Take from the entries below the stretch from the line with "Answer: 4.2 light-years" through the line with "What is the main", and return it exactly, leaving the pictures out.

Stored items from a collection:
----

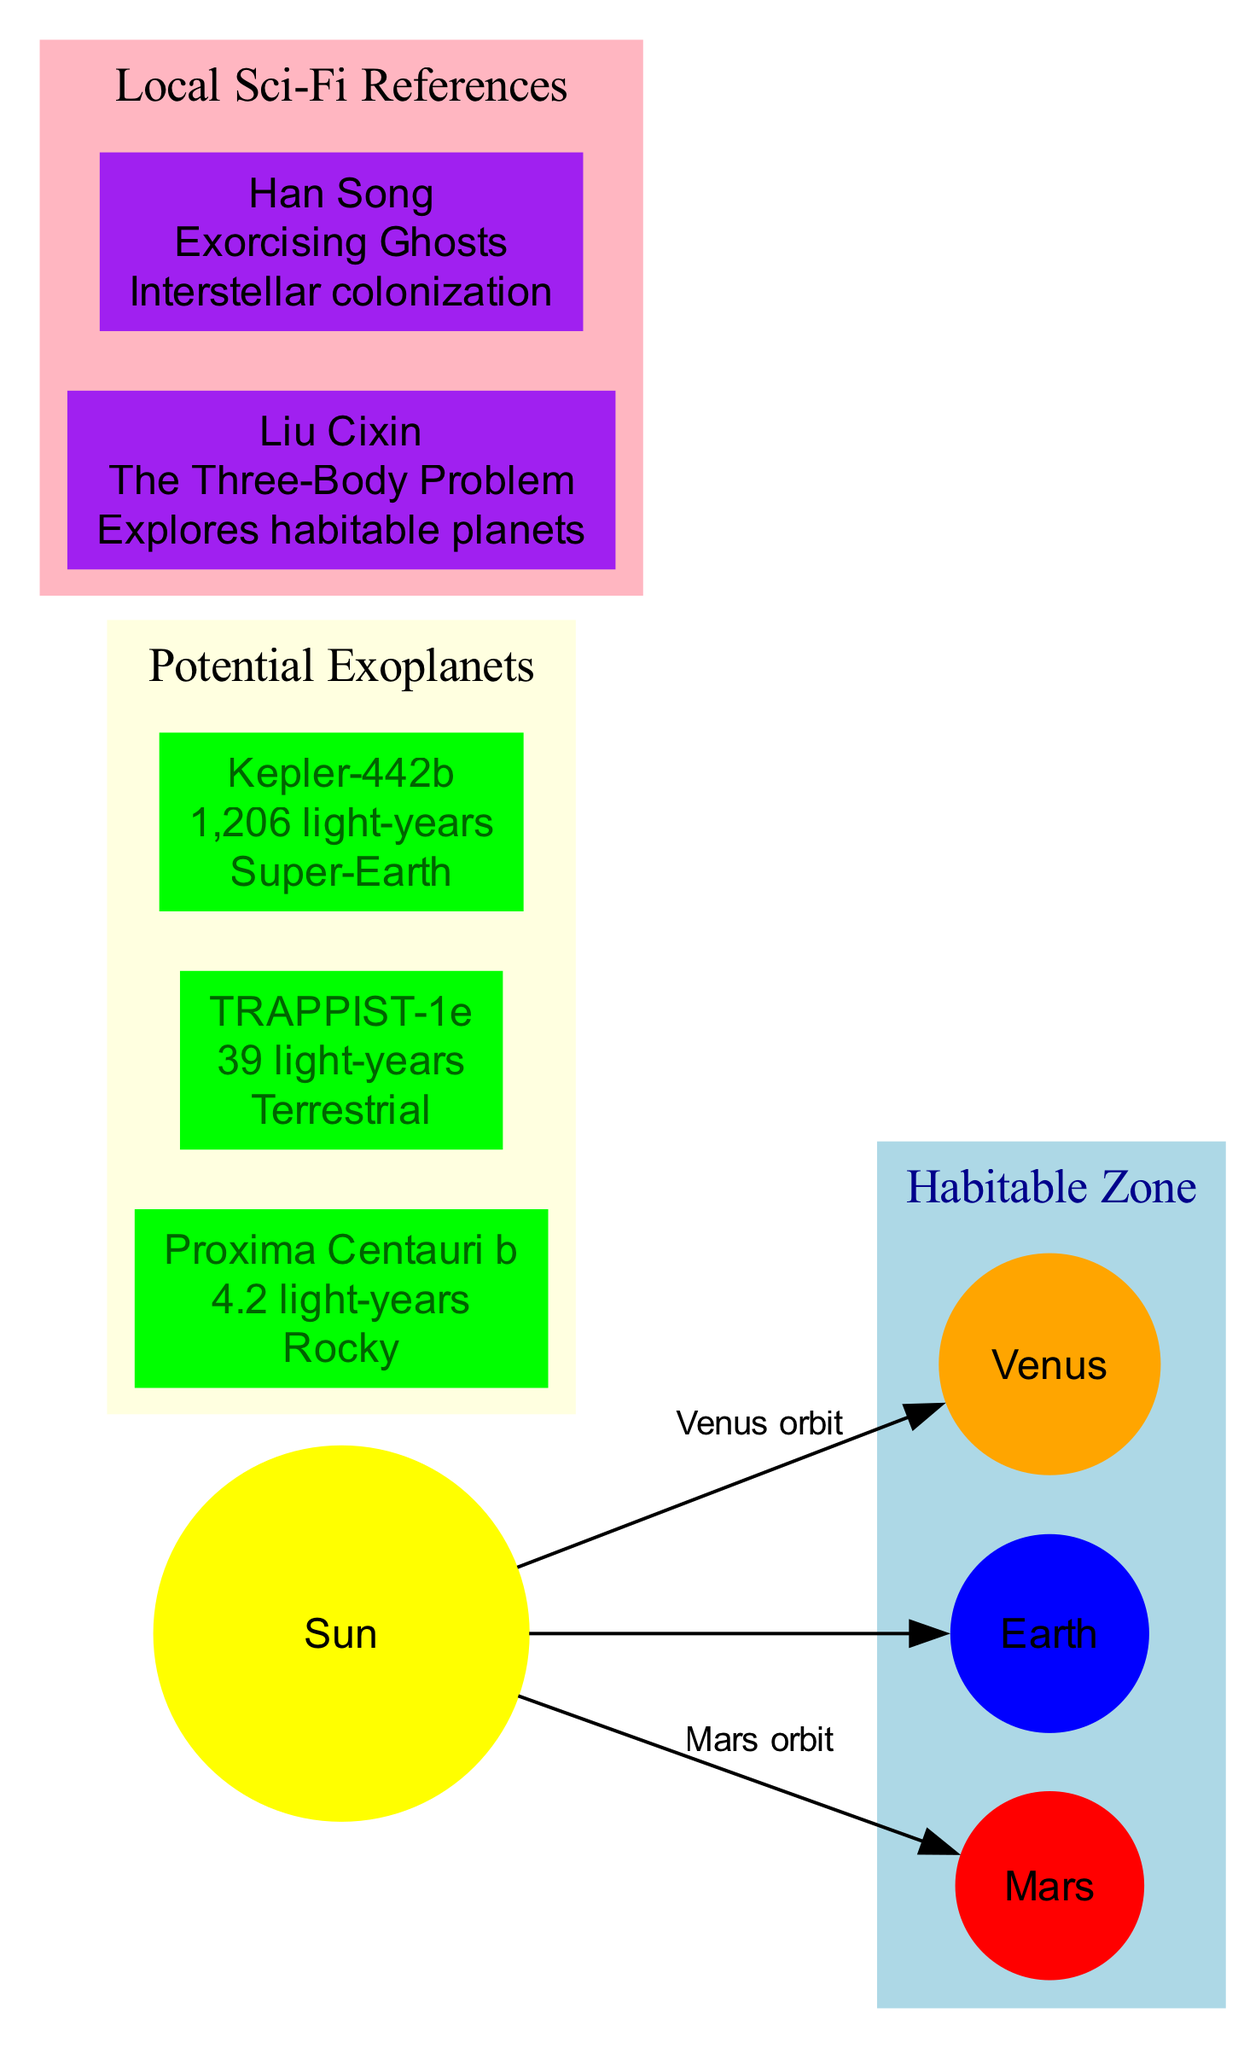What is the inner boundary of the habitable zone? The inner boundary of the habitable zone is labeled as "Venus orbit" in the diagram, indicating the closest point within the habitable zone around the Sun.
Answer: Venus orbit How many potential exoplanets are highlighted in the diagram? The diagram lists three potential exoplanets: Proxima Centauri b, TRAPPIST-1e, and Kepler-442b. Thus, the total number of exoplanets is obtained by counting these nodes.
Answer: 3 What is the distance of TRAPPIST-1e from the Sun? The diagram shows that TRAPPIST-1e is 39 light-years away from the Sun as labeled in the node representing this exoplanet.
Answer: 39 light-years What type of planet is Kepler-442b classified as? In the diagram, Kepler-442b is categorized under the potential exoplanets section, where it is marked "Super-Earth," indicating its classification.
Answer: Super-Earth Which planet is positioned at the outer boundary of the habitable zone? The outer boundary of the habitable zone is connected to the "Mars" node, indicating that Mars defines the farthest extent of the habitable zone around the Sun.
Answer: Mars Who is the author of "The Three-Body Problem"? The diagram includes a node that identifies Liu Cixin as the author of the book "The Three-Body Problem," providing a direct association between the author and the title.
Answer: Liu Cixin What relevance does the book "Exorcising Ghosts" have? The diagram specifies that "Exorcising Ghosts," authored by Han Song, relates to interstellar colonization, providing context about its thematic relevance in the sci-fi genre.
Answer: Interstellar colonization What color is the habitable zone represented in the diagram? The habitable zone is visually represented in light blue color, as indicated in its labeled section within the diagram.
Answer: Light blue How far is Proxima Centauri b from the Sun? The diagram details that Proxima Centauri b is situated 4.2 light-years away from the Sun, providing a clear measurement of distance.
Answer: 4.2 light-years 
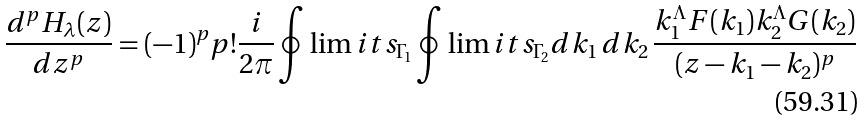Convert formula to latex. <formula><loc_0><loc_0><loc_500><loc_500>\frac { d ^ { p } H _ { \lambda } ( z ) } { d z ^ { p } } = ( - 1 ) ^ { p } p ! \frac { i } { 2 \pi } \oint \lim i t s _ { { \Gamma } _ { 1 } } \oint \lim i t s _ { { \Gamma } _ { 2 } } d k _ { 1 } \, d k _ { 2 } \, \frac { k _ { 1 } ^ { \Lambda } F ( k _ { 1 } ) k _ { 2 } ^ { \Lambda } G ( k _ { 2 } ) } { ( z - k _ { 1 } - k _ { 2 } ) ^ { p } }</formula> 
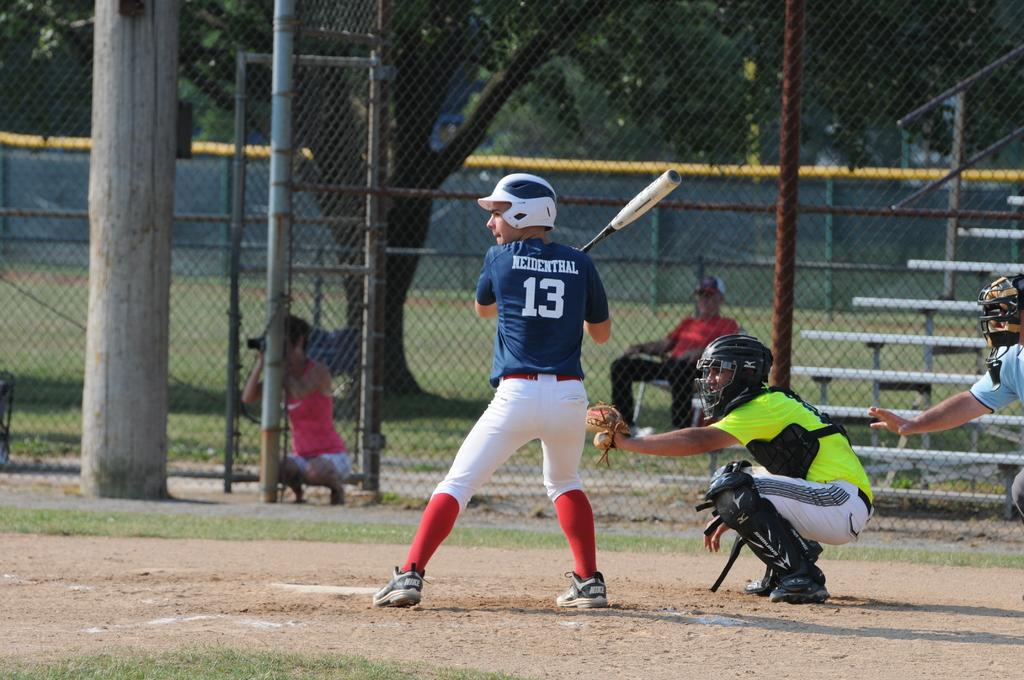What is the batter's number?
Offer a very short reply. 13. 
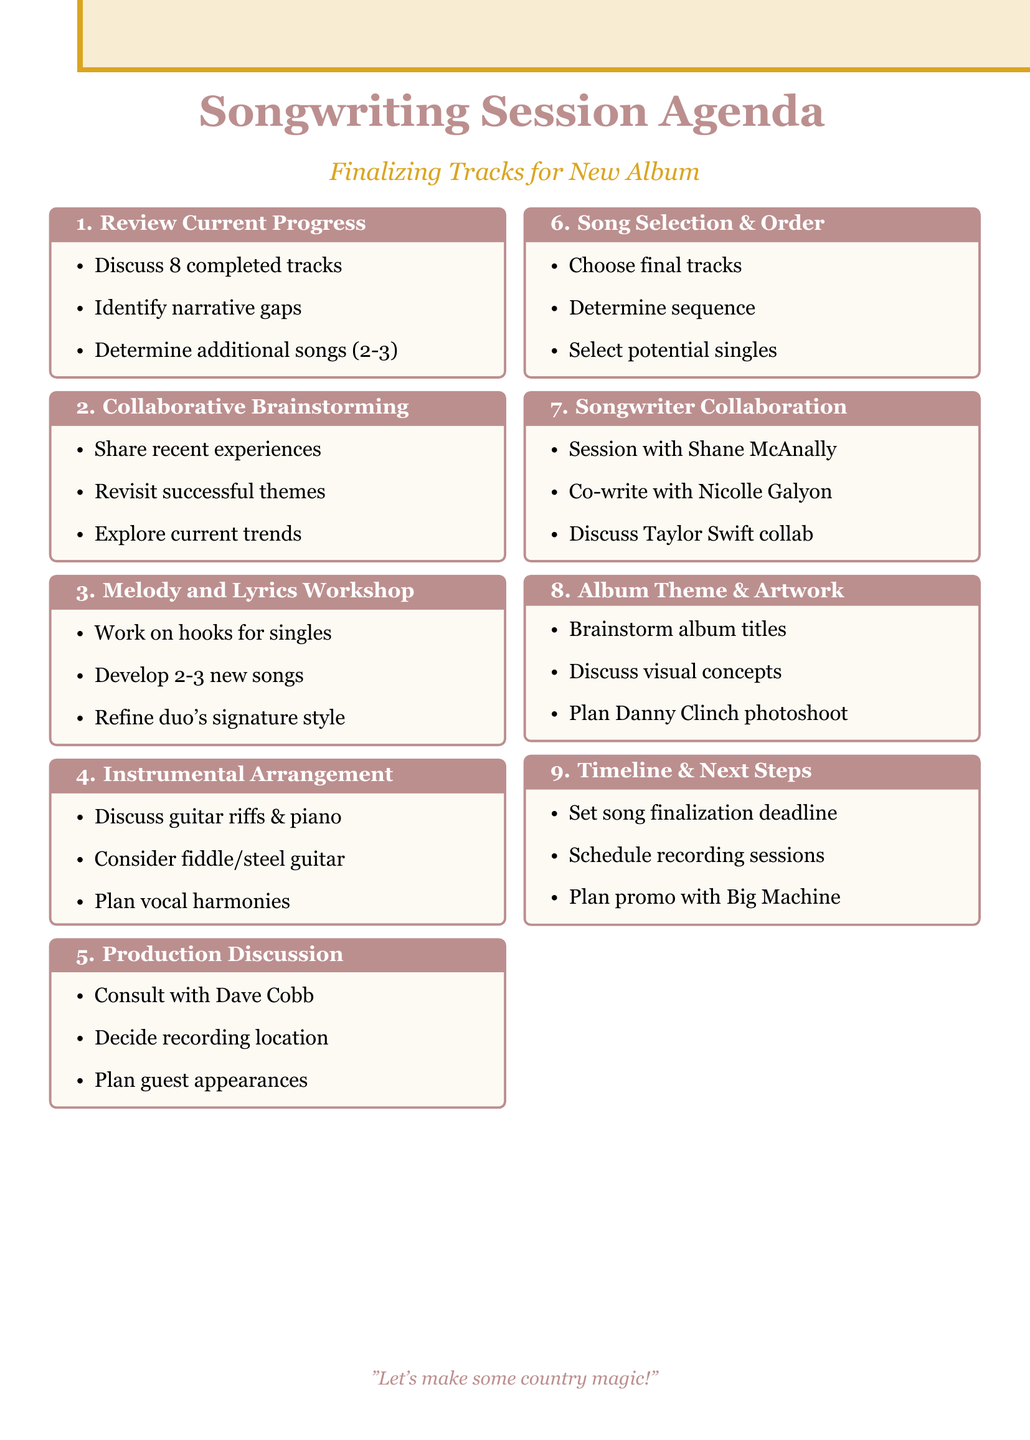What is the title of the document? The title of the document is presented at the top of the agenda.
Answer: Songwriting Session Agenda How many completed tracks are discussed? The agenda lists the number of completed tracks scheduled for discussion.
Answer: 8 Who is the producer mentioned in the production discussion? The document specifies the producer's name who will be consulted regarding the album sound.
Answer: Dave Cobb What is the recommended number of additional songs needed? The session proposes a specific number of additional songs to finalize the album.
Answer: 2-3 Which artist is mentioned for a potential collaboration? The document lists an artist to discuss collaborating with during the introduction.
Answer: Taylor Swift What is one successful theme to revisit for new songs? The document recalls a specific successful song theme from previous albums to inspire new tracks.
Answer: Need You Now What is the ideal sequence's purpose according to the agenda? The agenda states the importance of the sequence in enhancing the album’s overall impact.
Answer: Emotional impact When should the final songs be completed? The agenda sets a deadline for finalizing all songs for the new album.
Answer: Not specified Who will be involved in the ballad co-write? The document specifies a songwriter who is scheduled to co-write a ballad.
Answer: Nicolle Galyon 
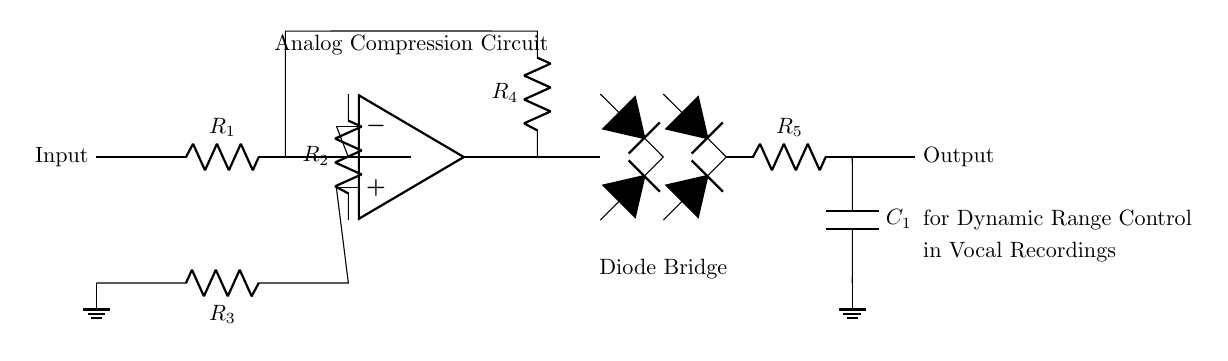What is the main function of this circuit? The main function of this circuit is to compress the dynamic range of vocal recordings. This is evident as it is labeled under "Analog Compression Circuit" and includes components typical for dynamic range control.
Answer: Compression Which component is used for signal feedback? The operational amplifier (op amp) in the circuit is responsible for signal feedback. It connects to the resistors forming the feedback network back to the input.
Answer: Operational amplifier What does the diode bridge provide in this circuit? The diode bridge allows for rectification of the audio signal, ensuring the circuit can handle both positive and negative signal amplitudes efficiently. This is necessary for dynamic range control.
Answer: Rectification What are the values of resistors in series before the operational amplifier? The resistors in series before the operational amplifier are R1, R2, and R4, which are crucial for setting the gain of the op amp and forming part of the feedback loop.
Answer: R1 and R2 What is the configuration of the input stage? The input stage consists of a resistor (R1) followed by an operational amplifier, which amplifies and compresses the input signal, making it suitable for the subsequent processing stages.
Answer: Resistor and op amp What happens at the output stage of the circuit? At the output stage, the output signal passes through resistor R5 and capacitor C1, which smooths out the signal and helps eliminate high-frequency noise, resulting in a cleaner audio output.
Answer: Smoothing

----

» **Response**
Answer: 4.2 light-years 
Convert formula to latex. <formula><loc_0><loc_0><loc_500><loc_500>\frac { d ^ { p } H _ { \lambda } ( z ) } { d z ^ { p } } = ( - 1 ) ^ { p } p ! \frac { i } { 2 \pi } \oint \lim i t s _ { { \Gamma } _ { 1 } } \oint \lim i t s _ { { \Gamma } _ { 2 } } d k _ { 1 } \, d k _ { 2 } \, \frac { k _ { 1 } ^ { \Lambda } F ( k _ { 1 } ) k _ { 2 } ^ { \Lambda } G ( k _ { 2 } ) } { ( z - k _ { 1 } - k _ { 2 } ) ^ { p } }</formula> 
What is the batter's number?
Offer a very short reply. 13. 
What is the title of the document? The title of the document is presented at the top of the agenda.
Answer: Songwriting Session Agenda How many completed tracks are discussed? The agenda lists the number of completed tracks scheduled for discussion.
Answer: 8 Who is the producer mentioned in the production discussion? The document specifies the producer's name who will be consulted regarding the album sound.
Answer: Dave Cobb What is the recommended number of additional songs needed? The session proposes a specific number of additional songs to finalize the album.
Answer: 2-3 Which artist is mentioned for a potential collaboration? The document lists an artist to discuss collaborating with during the introduction.
Answer: Taylor Swift What is one successful theme to revisit for new songs? The document recalls a specific successful song theme from previous albums to inspire new tracks.
Answer: Need You Now What is the ideal sequence's purpose according to the agenda? The agenda states the importance of the sequence in enhancing the album’s overall impact.
Answer: Emotional impact When should the final songs be completed? The agenda sets a deadline for finalizing all songs for the new album.
Answer: Not specified Who will be involved in the ballad co-write? The document specifies a songwriter who is scheduled to co-write a ballad.
Answer: Nicolle Galyon 
What is the main function of this circuit? The main function of this circuit is to compress the dynamic range of vocal recordings. This is evident as it is labeled under "Analog Compression Circuit" and includes components typical for dynamic range control.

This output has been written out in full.